_Extracted data_.
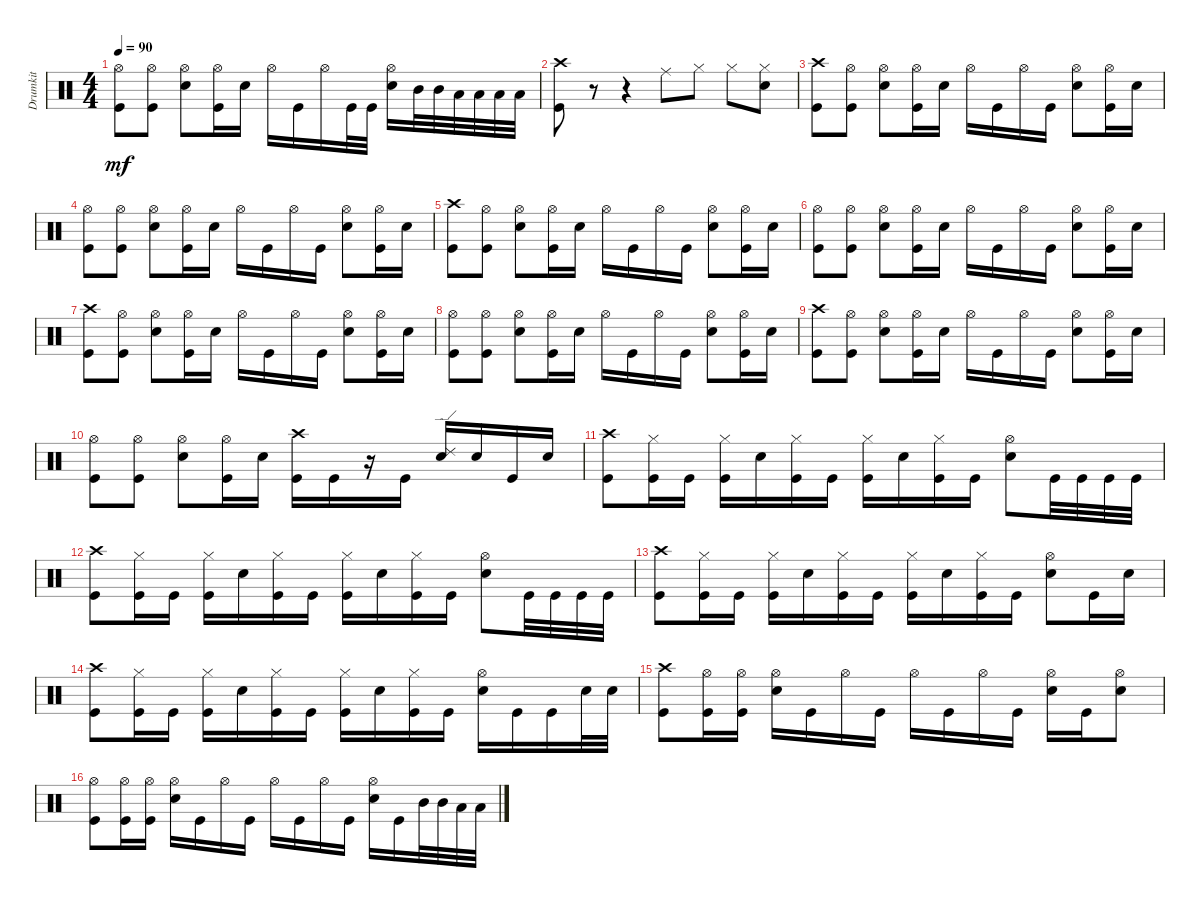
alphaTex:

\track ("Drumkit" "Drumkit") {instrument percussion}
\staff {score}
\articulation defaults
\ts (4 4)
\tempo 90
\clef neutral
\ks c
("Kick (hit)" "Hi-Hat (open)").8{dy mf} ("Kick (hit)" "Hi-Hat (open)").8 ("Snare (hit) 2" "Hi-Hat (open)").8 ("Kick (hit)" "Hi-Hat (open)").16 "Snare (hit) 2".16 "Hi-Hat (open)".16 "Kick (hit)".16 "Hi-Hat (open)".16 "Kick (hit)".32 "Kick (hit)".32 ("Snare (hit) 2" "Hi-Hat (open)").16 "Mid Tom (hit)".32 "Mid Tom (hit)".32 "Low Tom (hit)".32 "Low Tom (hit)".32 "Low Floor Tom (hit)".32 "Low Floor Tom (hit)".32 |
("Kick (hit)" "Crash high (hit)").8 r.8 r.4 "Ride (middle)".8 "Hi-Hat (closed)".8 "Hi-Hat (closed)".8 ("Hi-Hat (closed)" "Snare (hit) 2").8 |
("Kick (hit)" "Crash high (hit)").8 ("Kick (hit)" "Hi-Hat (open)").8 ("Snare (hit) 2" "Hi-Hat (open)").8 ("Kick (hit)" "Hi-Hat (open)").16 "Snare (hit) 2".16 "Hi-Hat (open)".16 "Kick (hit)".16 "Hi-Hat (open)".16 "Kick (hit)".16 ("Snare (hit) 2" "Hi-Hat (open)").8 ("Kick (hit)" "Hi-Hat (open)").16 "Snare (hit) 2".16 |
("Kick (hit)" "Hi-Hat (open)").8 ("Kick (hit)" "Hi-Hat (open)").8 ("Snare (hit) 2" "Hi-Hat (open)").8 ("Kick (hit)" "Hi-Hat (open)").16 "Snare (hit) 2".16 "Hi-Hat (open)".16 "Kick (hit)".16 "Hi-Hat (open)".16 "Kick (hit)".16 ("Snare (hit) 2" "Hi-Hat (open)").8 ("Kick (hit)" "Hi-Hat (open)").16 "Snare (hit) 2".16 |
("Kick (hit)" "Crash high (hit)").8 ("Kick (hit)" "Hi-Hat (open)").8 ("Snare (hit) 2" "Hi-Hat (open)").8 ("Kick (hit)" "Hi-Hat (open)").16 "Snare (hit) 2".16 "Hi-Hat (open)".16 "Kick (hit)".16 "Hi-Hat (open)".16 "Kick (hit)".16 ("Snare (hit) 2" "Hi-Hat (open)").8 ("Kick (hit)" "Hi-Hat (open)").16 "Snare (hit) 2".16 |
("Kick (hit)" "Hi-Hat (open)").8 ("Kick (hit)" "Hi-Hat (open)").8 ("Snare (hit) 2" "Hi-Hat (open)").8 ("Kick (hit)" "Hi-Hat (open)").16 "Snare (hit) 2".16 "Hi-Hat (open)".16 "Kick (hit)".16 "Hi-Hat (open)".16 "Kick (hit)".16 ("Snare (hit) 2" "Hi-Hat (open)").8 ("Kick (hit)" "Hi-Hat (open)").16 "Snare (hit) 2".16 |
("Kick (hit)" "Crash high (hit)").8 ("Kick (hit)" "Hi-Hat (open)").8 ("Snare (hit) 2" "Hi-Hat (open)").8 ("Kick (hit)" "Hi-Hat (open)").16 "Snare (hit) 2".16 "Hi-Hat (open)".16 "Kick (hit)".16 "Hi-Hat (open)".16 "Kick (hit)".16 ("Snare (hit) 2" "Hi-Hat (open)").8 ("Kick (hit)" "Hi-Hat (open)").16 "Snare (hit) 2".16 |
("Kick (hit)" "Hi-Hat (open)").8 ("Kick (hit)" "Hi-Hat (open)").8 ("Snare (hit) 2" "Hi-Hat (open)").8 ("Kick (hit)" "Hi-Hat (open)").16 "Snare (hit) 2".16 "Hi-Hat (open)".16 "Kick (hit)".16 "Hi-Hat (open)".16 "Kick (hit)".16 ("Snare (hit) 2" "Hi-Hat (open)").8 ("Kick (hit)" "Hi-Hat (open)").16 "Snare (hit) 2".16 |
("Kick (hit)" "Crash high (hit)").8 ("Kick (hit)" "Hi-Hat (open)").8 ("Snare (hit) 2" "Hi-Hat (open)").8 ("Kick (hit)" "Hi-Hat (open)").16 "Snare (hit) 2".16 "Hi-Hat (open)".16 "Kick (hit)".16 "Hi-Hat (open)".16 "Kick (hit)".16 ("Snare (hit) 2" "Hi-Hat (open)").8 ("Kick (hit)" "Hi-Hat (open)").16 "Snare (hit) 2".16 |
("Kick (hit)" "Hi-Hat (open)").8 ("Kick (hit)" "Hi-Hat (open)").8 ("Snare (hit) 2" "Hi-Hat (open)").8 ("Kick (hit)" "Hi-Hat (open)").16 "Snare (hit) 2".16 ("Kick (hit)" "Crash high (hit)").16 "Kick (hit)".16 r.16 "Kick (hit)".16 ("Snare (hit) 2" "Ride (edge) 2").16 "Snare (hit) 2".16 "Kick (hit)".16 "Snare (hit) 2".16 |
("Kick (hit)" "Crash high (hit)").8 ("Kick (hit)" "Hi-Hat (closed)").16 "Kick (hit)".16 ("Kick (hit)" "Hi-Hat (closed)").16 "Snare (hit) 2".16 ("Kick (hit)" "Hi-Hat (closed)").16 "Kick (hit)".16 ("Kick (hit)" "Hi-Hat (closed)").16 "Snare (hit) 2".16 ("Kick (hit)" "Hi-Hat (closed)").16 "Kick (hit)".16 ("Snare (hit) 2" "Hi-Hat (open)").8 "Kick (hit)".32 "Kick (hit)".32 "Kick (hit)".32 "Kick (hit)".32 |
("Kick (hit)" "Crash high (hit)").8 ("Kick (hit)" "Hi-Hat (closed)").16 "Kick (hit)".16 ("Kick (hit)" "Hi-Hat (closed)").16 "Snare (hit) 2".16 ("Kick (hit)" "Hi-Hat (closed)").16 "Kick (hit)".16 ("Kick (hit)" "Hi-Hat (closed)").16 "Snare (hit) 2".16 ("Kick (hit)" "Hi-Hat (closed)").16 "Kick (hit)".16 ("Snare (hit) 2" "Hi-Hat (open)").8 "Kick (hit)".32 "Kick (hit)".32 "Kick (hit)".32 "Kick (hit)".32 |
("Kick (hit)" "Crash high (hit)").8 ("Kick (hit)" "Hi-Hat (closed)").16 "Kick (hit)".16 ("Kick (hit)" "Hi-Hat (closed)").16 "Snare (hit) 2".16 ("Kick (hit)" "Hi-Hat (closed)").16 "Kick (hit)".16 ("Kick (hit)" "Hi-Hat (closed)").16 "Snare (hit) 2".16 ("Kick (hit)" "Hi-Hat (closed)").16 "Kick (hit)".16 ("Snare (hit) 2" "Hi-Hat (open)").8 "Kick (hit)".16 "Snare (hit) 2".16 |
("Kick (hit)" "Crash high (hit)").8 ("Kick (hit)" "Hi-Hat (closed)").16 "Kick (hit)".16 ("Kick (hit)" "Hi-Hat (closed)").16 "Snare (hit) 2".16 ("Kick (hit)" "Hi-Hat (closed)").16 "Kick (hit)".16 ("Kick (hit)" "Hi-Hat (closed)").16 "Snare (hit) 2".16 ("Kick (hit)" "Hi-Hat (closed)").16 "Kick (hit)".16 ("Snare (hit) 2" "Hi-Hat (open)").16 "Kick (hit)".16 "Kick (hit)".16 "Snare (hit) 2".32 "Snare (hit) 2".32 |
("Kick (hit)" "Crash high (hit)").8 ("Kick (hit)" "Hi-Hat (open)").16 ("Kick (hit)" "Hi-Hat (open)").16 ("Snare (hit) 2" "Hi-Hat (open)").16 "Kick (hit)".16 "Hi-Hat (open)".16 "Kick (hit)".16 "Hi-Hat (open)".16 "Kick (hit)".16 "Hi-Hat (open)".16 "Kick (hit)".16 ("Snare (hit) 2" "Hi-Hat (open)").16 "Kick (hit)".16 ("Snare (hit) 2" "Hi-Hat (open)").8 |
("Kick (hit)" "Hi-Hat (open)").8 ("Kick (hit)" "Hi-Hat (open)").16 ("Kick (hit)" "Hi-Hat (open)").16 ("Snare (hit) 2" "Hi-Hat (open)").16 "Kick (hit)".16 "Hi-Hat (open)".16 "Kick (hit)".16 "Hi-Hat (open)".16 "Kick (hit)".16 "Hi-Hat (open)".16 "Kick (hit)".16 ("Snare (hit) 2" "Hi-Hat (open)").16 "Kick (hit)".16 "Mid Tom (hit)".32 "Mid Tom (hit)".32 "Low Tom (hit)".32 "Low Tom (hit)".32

---

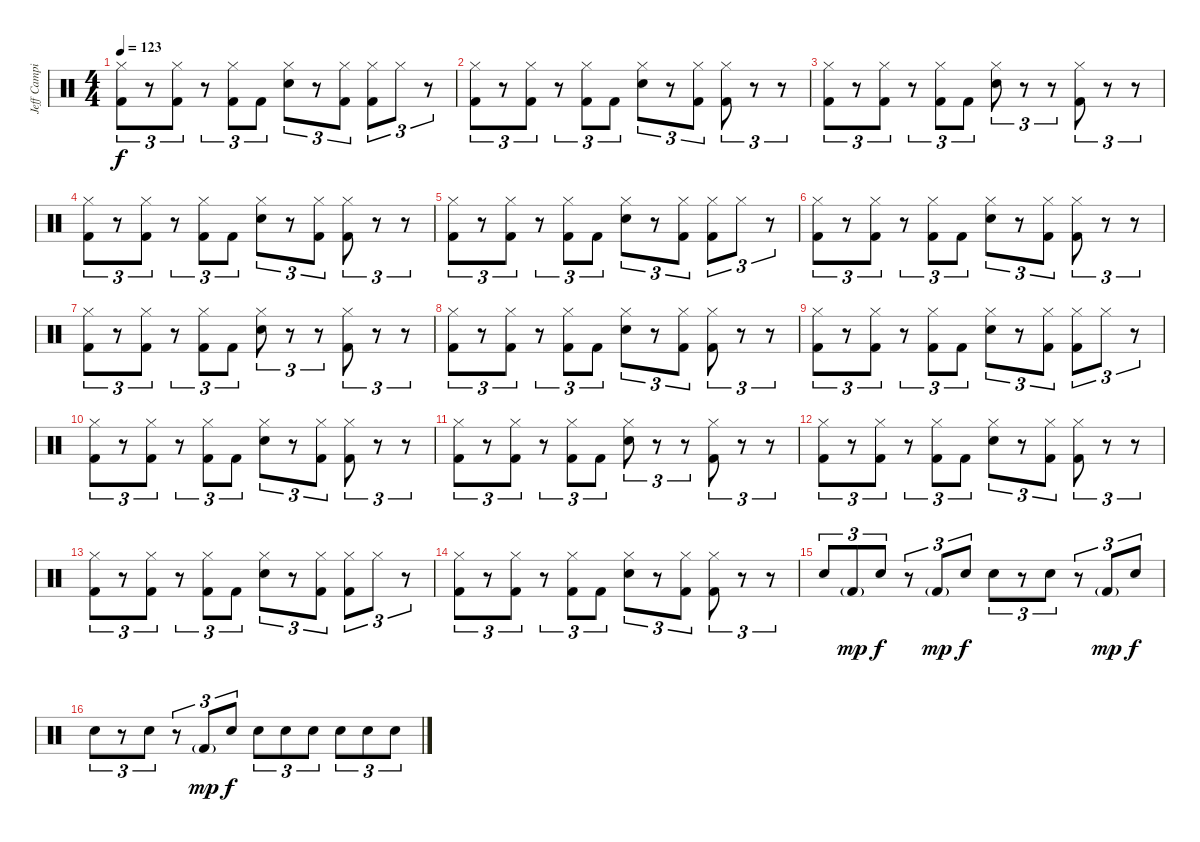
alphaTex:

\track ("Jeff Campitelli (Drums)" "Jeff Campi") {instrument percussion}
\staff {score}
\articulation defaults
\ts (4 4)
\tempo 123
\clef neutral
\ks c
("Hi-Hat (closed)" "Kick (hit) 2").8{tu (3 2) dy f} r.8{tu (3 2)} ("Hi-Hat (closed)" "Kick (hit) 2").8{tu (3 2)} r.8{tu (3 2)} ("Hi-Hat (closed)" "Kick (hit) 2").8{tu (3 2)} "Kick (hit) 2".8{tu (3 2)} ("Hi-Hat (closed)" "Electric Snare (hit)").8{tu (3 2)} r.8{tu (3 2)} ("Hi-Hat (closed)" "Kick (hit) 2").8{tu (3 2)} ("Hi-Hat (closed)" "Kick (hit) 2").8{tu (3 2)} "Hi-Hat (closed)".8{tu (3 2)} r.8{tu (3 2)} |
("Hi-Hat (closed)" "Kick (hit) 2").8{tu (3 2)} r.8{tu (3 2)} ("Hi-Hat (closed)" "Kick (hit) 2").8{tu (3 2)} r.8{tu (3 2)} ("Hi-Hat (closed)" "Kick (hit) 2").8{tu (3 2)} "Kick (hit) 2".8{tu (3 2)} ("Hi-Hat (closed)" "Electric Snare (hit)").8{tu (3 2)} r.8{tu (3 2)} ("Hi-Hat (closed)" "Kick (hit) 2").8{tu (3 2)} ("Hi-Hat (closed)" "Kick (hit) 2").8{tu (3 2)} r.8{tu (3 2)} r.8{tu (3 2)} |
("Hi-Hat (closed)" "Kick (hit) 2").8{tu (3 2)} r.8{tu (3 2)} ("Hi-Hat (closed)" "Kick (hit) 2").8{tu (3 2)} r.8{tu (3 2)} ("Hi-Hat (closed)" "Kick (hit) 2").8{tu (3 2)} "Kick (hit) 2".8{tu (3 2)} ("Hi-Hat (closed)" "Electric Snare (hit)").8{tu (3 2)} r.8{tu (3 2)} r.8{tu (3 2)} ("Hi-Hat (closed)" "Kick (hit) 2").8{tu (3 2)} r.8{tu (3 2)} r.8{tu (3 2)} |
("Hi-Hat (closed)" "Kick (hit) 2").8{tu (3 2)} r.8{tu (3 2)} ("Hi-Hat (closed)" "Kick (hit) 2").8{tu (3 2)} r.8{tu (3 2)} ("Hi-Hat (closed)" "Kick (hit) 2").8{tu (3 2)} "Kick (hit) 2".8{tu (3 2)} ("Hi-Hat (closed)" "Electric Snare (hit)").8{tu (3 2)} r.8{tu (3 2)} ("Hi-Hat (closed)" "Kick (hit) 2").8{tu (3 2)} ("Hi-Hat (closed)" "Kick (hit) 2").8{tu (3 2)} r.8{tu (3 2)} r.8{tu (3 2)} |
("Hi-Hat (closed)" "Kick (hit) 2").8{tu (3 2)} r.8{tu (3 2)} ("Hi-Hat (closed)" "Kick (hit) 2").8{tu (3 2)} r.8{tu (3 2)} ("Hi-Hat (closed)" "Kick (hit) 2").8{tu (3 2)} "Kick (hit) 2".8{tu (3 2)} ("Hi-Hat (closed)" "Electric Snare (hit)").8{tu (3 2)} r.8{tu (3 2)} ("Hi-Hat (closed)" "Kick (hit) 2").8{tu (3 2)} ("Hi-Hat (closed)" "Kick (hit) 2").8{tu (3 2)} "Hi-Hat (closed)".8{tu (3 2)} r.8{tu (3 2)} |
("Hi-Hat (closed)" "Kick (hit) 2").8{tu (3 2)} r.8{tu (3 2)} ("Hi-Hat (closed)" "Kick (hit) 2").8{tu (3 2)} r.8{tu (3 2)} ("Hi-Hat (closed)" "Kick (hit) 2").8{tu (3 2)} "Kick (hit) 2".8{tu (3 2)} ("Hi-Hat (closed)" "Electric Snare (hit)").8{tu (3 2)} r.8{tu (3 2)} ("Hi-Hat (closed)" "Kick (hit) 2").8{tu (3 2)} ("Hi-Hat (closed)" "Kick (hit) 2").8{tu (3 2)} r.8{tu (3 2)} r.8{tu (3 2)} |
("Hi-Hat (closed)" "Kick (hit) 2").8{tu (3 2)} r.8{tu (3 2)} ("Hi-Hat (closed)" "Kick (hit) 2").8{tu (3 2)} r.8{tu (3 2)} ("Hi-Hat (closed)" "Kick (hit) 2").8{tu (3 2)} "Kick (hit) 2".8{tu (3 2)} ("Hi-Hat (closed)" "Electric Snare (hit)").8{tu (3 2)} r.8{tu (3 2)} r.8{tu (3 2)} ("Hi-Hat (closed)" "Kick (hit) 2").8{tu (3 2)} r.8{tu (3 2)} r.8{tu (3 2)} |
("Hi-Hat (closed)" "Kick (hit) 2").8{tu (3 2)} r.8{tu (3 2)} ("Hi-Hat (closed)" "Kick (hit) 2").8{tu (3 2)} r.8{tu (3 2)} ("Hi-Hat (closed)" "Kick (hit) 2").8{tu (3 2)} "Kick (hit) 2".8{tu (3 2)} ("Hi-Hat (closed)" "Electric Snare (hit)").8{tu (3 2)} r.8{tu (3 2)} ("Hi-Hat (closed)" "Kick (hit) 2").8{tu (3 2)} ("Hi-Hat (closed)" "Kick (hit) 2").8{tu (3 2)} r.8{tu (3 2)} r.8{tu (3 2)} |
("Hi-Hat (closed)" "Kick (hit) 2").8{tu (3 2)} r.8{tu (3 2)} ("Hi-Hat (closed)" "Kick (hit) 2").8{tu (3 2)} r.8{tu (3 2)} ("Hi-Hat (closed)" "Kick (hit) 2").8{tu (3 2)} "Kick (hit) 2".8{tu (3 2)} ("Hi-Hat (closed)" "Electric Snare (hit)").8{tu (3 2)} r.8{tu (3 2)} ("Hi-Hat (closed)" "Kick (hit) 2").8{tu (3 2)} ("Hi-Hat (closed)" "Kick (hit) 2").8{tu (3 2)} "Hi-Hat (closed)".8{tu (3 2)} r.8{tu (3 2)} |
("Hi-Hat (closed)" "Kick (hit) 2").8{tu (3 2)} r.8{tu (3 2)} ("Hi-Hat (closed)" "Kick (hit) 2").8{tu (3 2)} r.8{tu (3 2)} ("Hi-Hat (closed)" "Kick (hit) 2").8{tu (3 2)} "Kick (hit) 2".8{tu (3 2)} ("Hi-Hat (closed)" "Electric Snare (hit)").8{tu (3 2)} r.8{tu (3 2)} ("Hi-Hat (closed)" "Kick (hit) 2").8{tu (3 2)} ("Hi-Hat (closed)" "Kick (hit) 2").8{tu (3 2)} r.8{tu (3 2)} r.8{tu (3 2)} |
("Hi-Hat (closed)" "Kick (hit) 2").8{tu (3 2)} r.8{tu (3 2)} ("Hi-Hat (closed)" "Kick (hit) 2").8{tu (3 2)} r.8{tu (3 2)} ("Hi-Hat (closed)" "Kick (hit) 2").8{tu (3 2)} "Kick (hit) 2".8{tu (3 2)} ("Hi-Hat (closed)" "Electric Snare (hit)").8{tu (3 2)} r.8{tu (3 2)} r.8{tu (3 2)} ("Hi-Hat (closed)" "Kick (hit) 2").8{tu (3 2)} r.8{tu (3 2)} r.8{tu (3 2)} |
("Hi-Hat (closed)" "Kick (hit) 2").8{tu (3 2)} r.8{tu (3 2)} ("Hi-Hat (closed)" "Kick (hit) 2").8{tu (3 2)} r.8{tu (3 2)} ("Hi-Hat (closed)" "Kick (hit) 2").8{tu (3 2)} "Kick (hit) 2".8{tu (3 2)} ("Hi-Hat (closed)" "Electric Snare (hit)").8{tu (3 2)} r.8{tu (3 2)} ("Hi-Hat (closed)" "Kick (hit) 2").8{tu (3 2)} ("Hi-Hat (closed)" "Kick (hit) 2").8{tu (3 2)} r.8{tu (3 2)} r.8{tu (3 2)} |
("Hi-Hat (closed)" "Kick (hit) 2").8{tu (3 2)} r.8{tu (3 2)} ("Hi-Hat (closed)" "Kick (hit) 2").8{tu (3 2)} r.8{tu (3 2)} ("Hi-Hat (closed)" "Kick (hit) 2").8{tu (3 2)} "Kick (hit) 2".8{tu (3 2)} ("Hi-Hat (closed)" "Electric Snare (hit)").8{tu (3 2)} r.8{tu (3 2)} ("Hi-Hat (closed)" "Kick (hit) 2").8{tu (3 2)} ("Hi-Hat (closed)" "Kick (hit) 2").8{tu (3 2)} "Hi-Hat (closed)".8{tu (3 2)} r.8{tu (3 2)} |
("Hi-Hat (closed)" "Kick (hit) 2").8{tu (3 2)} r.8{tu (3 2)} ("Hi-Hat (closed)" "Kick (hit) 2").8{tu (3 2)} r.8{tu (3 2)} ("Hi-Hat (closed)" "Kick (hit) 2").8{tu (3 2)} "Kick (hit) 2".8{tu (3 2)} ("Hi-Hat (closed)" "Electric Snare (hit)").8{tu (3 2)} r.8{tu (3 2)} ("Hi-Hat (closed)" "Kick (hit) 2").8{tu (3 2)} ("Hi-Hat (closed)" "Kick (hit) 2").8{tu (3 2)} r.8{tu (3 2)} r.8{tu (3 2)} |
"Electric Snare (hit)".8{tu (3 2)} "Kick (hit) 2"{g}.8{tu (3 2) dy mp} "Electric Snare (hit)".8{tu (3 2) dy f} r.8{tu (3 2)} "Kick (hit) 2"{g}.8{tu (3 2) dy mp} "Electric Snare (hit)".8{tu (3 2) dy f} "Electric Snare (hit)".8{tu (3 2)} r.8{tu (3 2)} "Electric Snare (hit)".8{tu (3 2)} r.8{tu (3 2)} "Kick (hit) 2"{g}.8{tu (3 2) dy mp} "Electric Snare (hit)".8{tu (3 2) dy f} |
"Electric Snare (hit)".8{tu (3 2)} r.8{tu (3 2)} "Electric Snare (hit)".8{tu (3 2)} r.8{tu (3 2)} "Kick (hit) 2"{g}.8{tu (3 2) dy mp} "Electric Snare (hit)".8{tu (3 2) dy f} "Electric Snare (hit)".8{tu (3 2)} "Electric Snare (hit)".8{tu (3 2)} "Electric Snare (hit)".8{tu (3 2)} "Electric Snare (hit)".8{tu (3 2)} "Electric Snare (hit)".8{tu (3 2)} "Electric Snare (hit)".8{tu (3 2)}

_Your goal_. Using the data above, tally the lines that contain the string "Ride" and state only the result.

_Solution_. 2